Passageways

I aim for my passageway and arch paintings to embody the realm of the “liminal”, which is derived from the Latin “limen”, meaning “threshold”. Anthropologist Victor Turner describes the liminal as a transitional quality essential to all rites of passage. It is the state in-between, without a fixed identity, but with openness and ambiguity. It is a state open to insight and inspiration as well as to new connections.

A sacred state.

I find arches and passageways in almost all of my travels, including to Morocco, Peru, Spain, Nepal, Cambodia, Ghana, Mexico, Italy and Turkey.

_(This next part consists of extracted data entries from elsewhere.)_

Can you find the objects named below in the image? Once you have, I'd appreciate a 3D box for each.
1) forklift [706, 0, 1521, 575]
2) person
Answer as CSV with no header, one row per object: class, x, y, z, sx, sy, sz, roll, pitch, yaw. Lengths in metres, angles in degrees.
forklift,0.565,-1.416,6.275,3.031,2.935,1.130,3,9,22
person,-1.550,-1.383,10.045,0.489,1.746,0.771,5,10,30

More about Holly Downing’s Passageway Paintings

Why do I paint so many arches and passageways? For one, they are formally very interesting to paint with their dark and light shapes. And their shadows. And I find them, surprisingly, everywhere when I travel - in France, Italy and Spain, in Peru, Cambodia, Vietnam, Tibetan villages in northern Nepal, in Morocco, and the terrible “Door of No Return” in Ghana that slaves were forced to pass through to aboard the boats that would carry then to American plantations.

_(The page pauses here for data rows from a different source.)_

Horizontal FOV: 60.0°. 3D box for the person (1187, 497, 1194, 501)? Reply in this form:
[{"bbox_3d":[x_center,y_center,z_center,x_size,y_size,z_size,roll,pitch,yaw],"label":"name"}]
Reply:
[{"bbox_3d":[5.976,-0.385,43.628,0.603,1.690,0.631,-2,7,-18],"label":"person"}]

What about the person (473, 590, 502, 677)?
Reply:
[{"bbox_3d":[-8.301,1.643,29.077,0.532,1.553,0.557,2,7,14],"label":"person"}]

The passageway and arch lead from one place to another - both physically and metaphorically; from one state of consciousness to another.

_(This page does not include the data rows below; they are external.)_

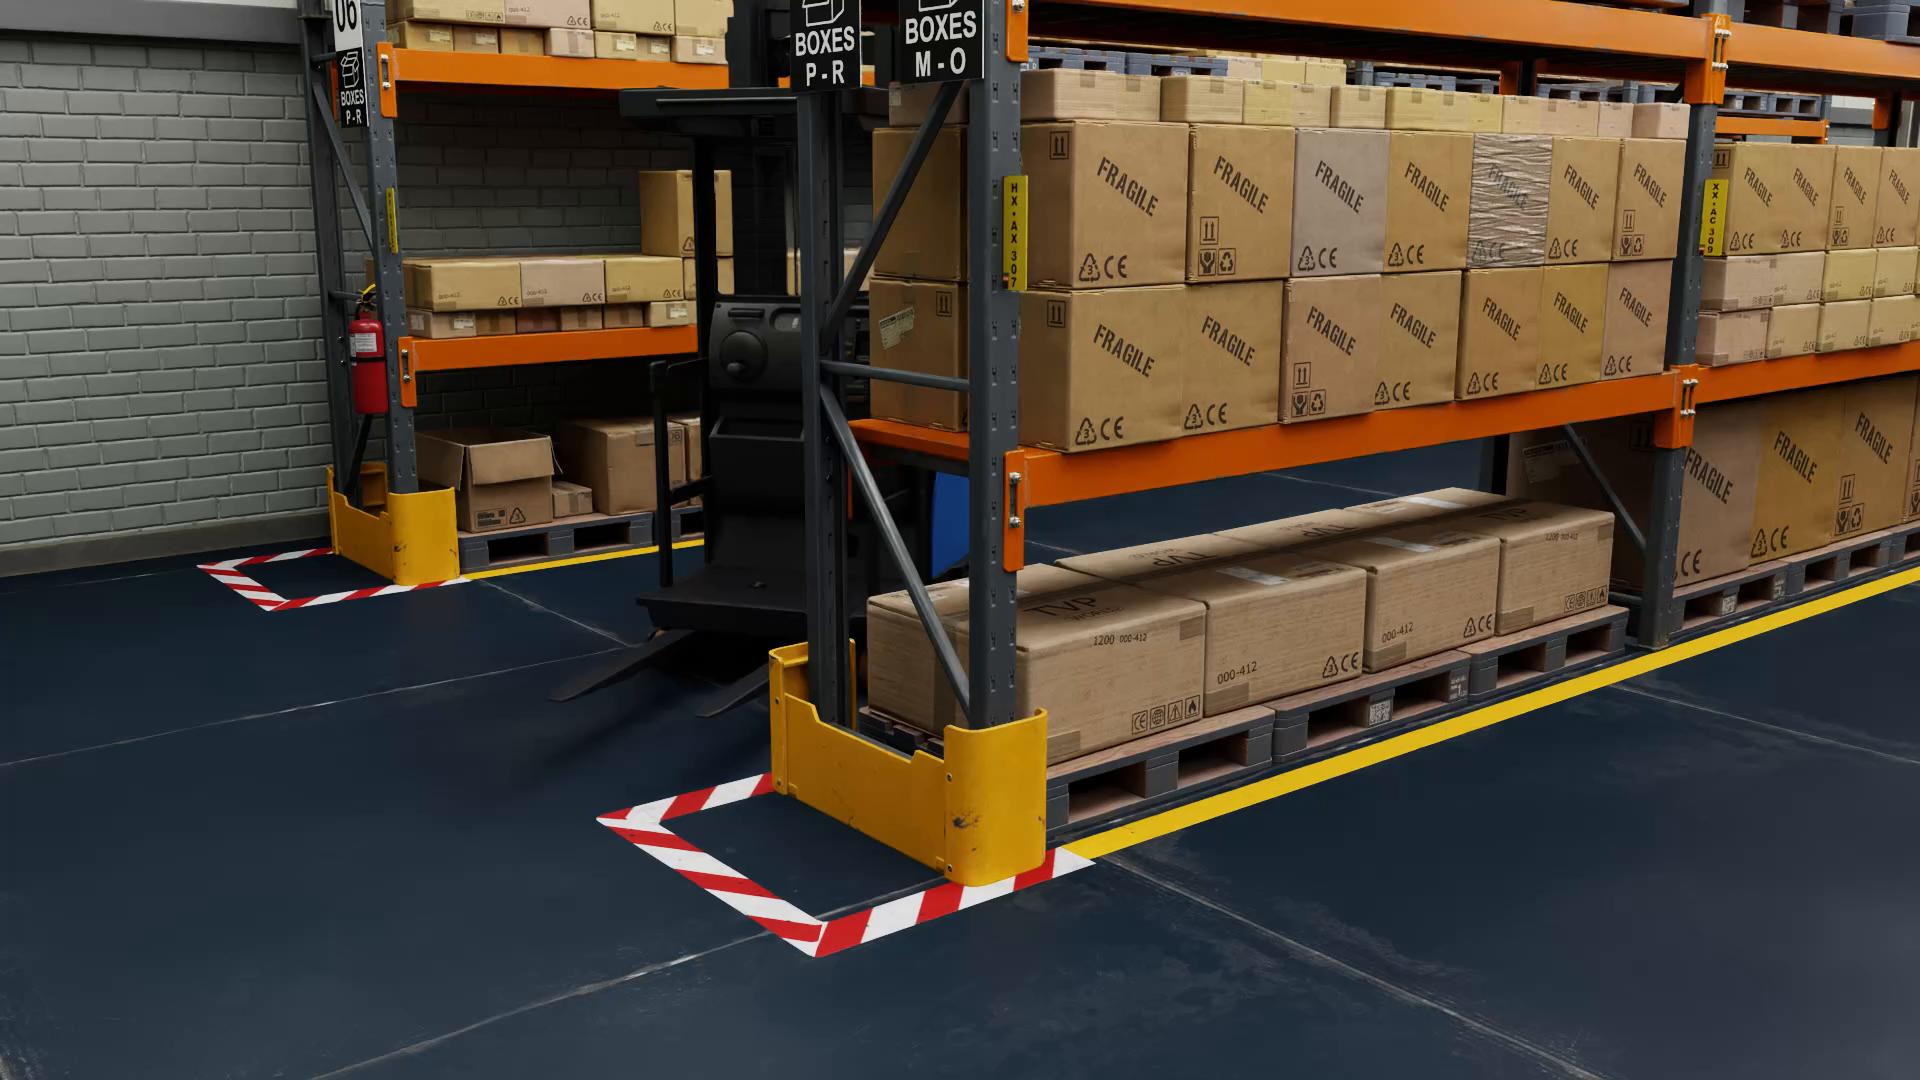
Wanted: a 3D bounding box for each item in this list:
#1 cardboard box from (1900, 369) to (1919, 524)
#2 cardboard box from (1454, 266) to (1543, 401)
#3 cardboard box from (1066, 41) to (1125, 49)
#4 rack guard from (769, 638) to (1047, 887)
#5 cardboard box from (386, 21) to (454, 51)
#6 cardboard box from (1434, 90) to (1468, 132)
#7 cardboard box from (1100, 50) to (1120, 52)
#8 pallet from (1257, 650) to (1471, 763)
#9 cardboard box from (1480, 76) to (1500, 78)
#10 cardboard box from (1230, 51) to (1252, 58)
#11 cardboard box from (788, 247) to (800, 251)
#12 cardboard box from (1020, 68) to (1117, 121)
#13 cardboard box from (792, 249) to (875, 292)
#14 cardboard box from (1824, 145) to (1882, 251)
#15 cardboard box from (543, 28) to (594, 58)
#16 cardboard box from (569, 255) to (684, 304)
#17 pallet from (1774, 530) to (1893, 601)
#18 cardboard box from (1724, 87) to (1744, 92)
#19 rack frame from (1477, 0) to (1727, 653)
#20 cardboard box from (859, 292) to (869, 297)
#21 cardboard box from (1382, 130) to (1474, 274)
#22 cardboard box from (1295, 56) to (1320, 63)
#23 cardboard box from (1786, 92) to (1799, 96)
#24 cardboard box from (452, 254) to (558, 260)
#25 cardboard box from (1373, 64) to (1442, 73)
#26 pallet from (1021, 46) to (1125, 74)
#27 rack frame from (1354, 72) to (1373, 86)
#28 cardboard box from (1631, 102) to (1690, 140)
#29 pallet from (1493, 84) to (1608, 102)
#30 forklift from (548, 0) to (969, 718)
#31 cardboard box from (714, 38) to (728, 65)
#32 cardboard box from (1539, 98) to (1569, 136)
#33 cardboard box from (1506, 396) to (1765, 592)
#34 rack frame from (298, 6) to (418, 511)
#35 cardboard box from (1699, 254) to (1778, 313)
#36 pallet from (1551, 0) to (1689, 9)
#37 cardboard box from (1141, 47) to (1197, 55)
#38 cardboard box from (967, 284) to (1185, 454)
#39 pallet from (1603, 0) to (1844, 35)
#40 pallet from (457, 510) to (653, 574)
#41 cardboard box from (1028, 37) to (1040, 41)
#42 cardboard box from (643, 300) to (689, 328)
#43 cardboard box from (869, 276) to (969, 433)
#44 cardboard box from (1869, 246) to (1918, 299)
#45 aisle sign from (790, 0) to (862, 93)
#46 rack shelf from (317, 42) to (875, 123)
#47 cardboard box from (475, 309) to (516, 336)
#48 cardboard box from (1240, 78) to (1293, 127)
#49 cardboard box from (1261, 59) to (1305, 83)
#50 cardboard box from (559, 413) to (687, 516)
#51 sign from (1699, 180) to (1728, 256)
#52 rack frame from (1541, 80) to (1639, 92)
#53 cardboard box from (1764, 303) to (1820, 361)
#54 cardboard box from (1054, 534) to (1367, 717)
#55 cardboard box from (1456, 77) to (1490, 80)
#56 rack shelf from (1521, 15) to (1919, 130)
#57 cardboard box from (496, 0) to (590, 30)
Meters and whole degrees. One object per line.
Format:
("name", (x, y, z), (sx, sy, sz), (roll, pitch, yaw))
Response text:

The poet, Jane Hirshfield, writes in her book, Nine Gates, Entering the Mind of Poetry, of the threshold state and the threshold life. She refers to the anthropologist Victor Turner who writes, in The Ritual Process, of thresholds as being integral to all rites of passage.

To me the passageways and arches are manifestations of the threshold. These are places that are neither here nor there, places of both becoming and leaving, of ambiguity and openness; of potential. Hirshfield maintains, and I would agree, that the poet and artist must reside in these places to provide us with insight, and new awareness.

And then, on a very mundane and practical level, my small Passageway canvases are convenient to take traveling in my suitcase, and a pleasure to paint, reminding me of just what I felt as I walked through such spaces - from light through darkness to light.